Los turco-egipcios eran musulmanes que debían obediencia espiritual al sultán otomano en su papel de príncipe de la fe, califa del islam y representante de Dios en la tierra. Mohammad Ahmad, sin embargo, rechazaba su autoridad y condenaba a sus seguidores por hipócritas que coqueteaban con poderes cristianos extranjeros. Perteneciente a una orden sufí de ascetas con una visión fundamentalista del islam, todos aquellos que no comulgaban con sus postulados eran considerados traidores que merecían morir. Tras abandonar su base original en la isla de Aba, sobre el Nilo, el Mahdi había trasladado a sus hombres a las remotas y desoladas tierras del Kordofán, al oeste del río, ya que era una región ideal para llevar a cabo operaciones de guerrilla. Allí había coordinado ataques contra columnas de suministro, capturado puestos de avanzada aislados y aniquilado guarniciones enteras, de modo que a todos los efectos el gobierno colonial había perdido el control del Sudán occidental.

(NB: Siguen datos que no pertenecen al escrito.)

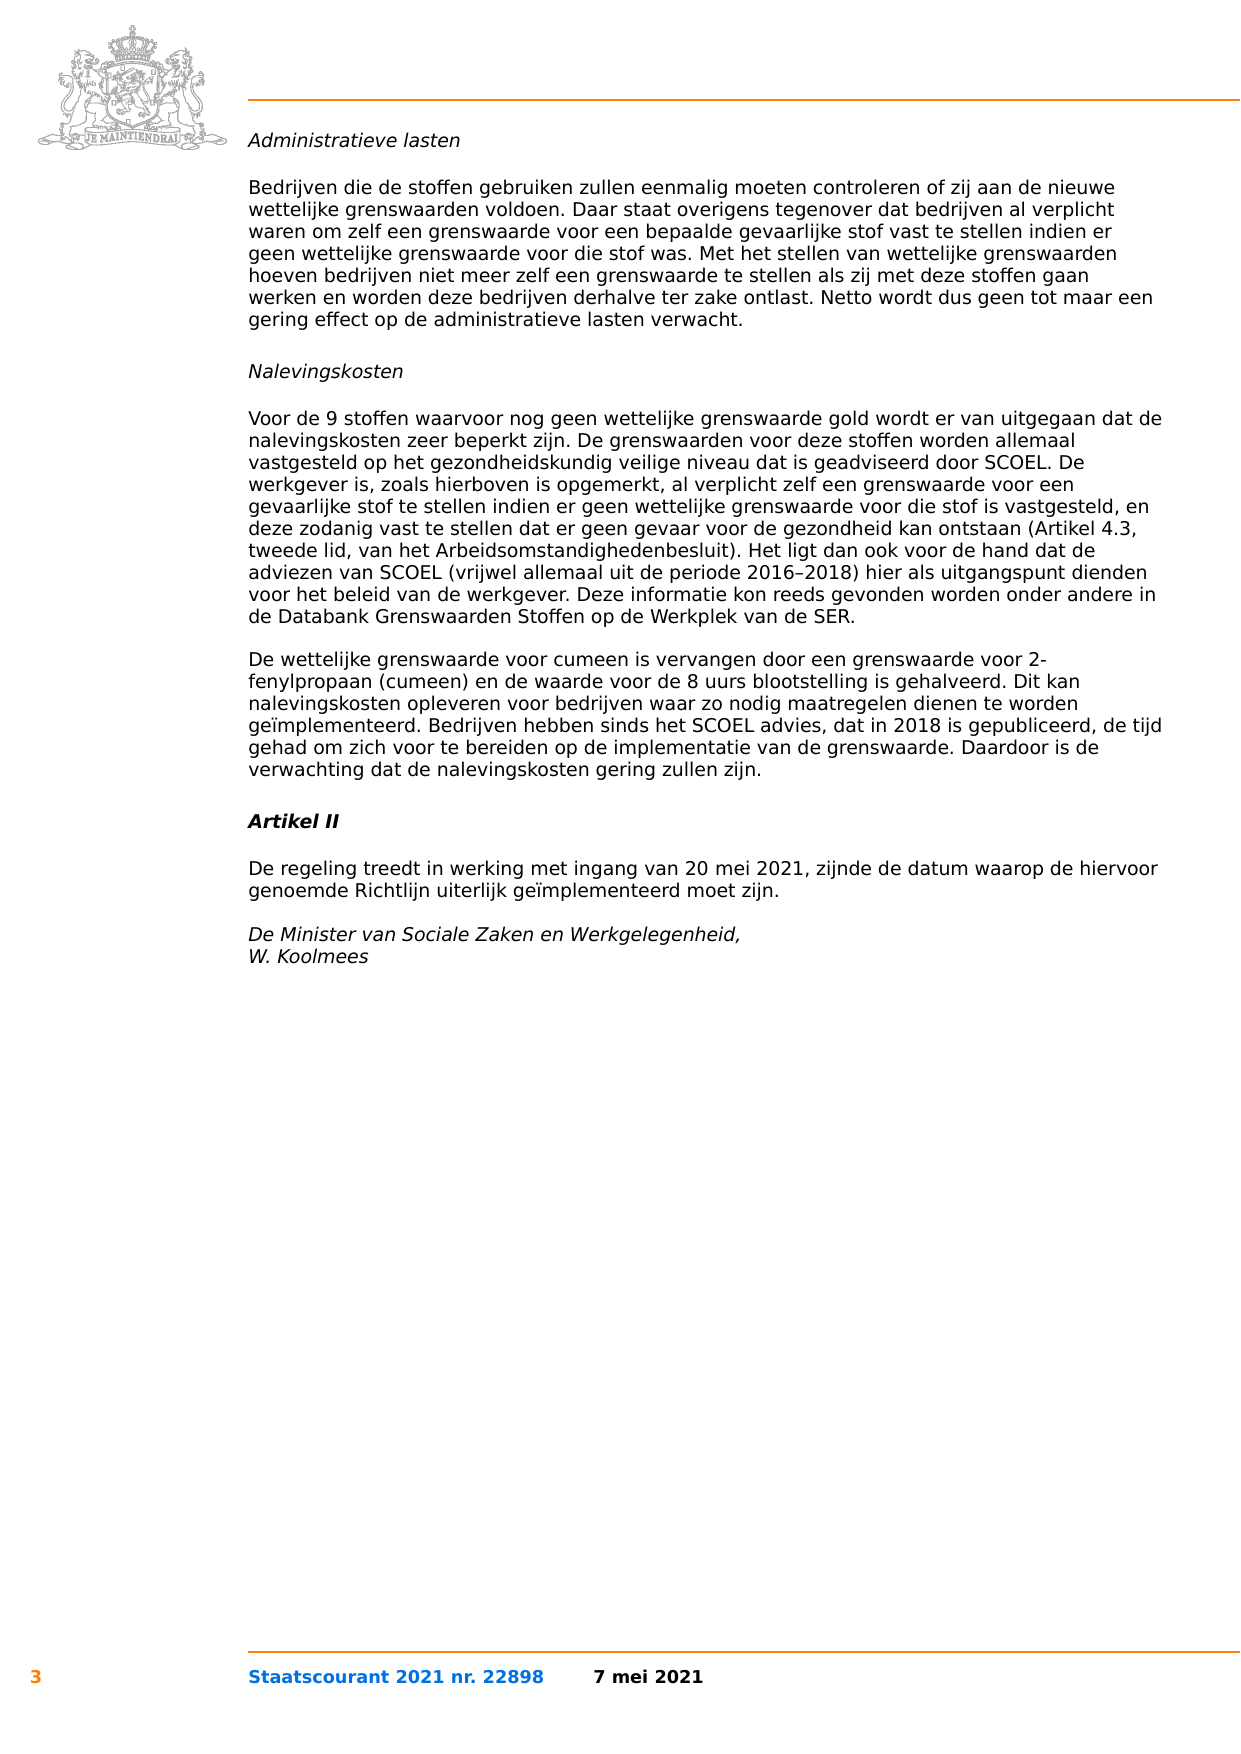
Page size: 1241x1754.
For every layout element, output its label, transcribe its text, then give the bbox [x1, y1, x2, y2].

text Voor de 9 stoffen waarvoor nog geen wettelijke grenswaarde gold wordt er van uitgegaan dat de nalevingskosten zeer beperkt zijn. De grenswaarden voor deze stoffen worden allemaal vastgesteld op het gezondheidskundig veilige niveau dat is geadviseerd door SCOEL. De werkgever is, zoals hierboven is opgemerkt, al verplicht zelf een grenswaarde voor een gevaarlijke stof te stellen indien er geen wettelijke grenswaarde voor die stof is vastgesteld, en deze zodanig vast te stellen dat er geen gevaar voor de gezondheid kan ontstaan (Artikel 4.3, tweede lid, van het Arbeidsomstandighedenbesluit). Het ligt dan ook voor de hand dat de adviezen van SCOEL (vrijwel allemaal uit de periode 2016–2018) hier als uitgangspunt dienden voor het beleid van de werkgever. Deze informatie kon reeds gevonden worden onder andere in de Databank Grenswaarden Stoffen op de Werkplek van de SER. [248, 408, 1163, 627]
picture [38, 25, 227, 150]
subtitle Administratieve lasten [248, 130, 1163, 152]
subtitle Artikel II [248, 811, 1163, 833]
text De wettelijke grenswaarde voor cumeen is vervangen door een grenswaarde voor 2-fenylpropaan (cumeen) en de waarde voor de 8 uurs blootstelling is gehalveerd. Dit kan nalevingskosten opleveren voor bedrijven waar zo nodig maatregelen dienen te worden geïmplementeerd. Bedrijven hebben sinds het SCOEL advies, dat in 2018 is gepubliceerd, de tijd gehad om zich voor te bereiden op de implementatie van de grenswaarde. Daardoor is de verwachting dat de nalevingskosten gering zullen zijn. [248, 649, 1163, 781]
text Bedrijven die de stoffen gebruiken zullen eenmalig moeten controleren of zij aan de nieuwe wettelijke grenswaarden voldoen. Daar staat overigens tegenover dat bedrijven al verplicht waren om zelf een grenswaarde voor een bepaalde gevaarlijke stof vast te stellen indien er geen wettelijke grenswaarde voor die stof was. Met het stellen van wettelijke grenswaarden hoeven bedrijven niet meer zelf een grenswaarde te stellen als zij met deze stoffen gaan werken en worden deze bedrijven derhalve ter zake ontlast. Netto wordt dus geen tot maar een gering effect op de administratieve lasten verwacht. [248, 177, 1163, 331]
text De Minister van Sociale Zaken en Werkgelegenheid, W. Koolmees [248, 924, 1163, 968]
subtitle Nalevingskosten [248, 361, 1163, 383]
text De regeling treedt in werking met ingang van 20 mei 2021, zijnde de datum waarop de hiervoor genoemde Richtlijn uiterlijk geïmplementeerd moet zijn. [248, 858, 1163, 902]

Mohammad Ahmad el Mahdi rebelión mahdista

El Mahdi, grabado publicado en Cassell’s History of the War in the Soudan, vol. I. Muhammad Ahmad ibn as Sayyid abd Allah (1844-1885) lograría unificar a las tribus del Sudán bajo su autoridad religiosa y tras una serie de brillantes victorias que dejaron boquiabierta a la opinión pública occidental, liberar al país de la dominación angloegipcia. La muerte le llegaría poco después del éxito más sonado de la rebelión mahdista, la conquista de Jartum, defendida por el célebre general Charles George Gordon, antes de que llegaran las columnas de rescate británicas (véase Desperta Ferro Historia Moderna n.º 23: Jartum)

Aventurarse en aquella árida y desolada región con un ejército sin experiencia, sin unas líneas de comunicación seguras y –lo que era peor– sin información sobre dónde encontrar agua o, al menos, conocer el despliegue de un ejército guerrillero superior en número, conocedor de la zona y acostumbrado a ella, parecía desafiar a toda lógica militar. Además, el informe de un oficial del Estado Mayor británico, el teniente coronel Hamill Stewart, quien meses antes había visitado Jartum –la capital de Sudán–, había sido muy crítico con la cobardía de las tropas egipcias. Stewart había llegado a la conclusión de que “si la columna de Hicks resulta derrotada, probablemente todo el Sudán se perderá”.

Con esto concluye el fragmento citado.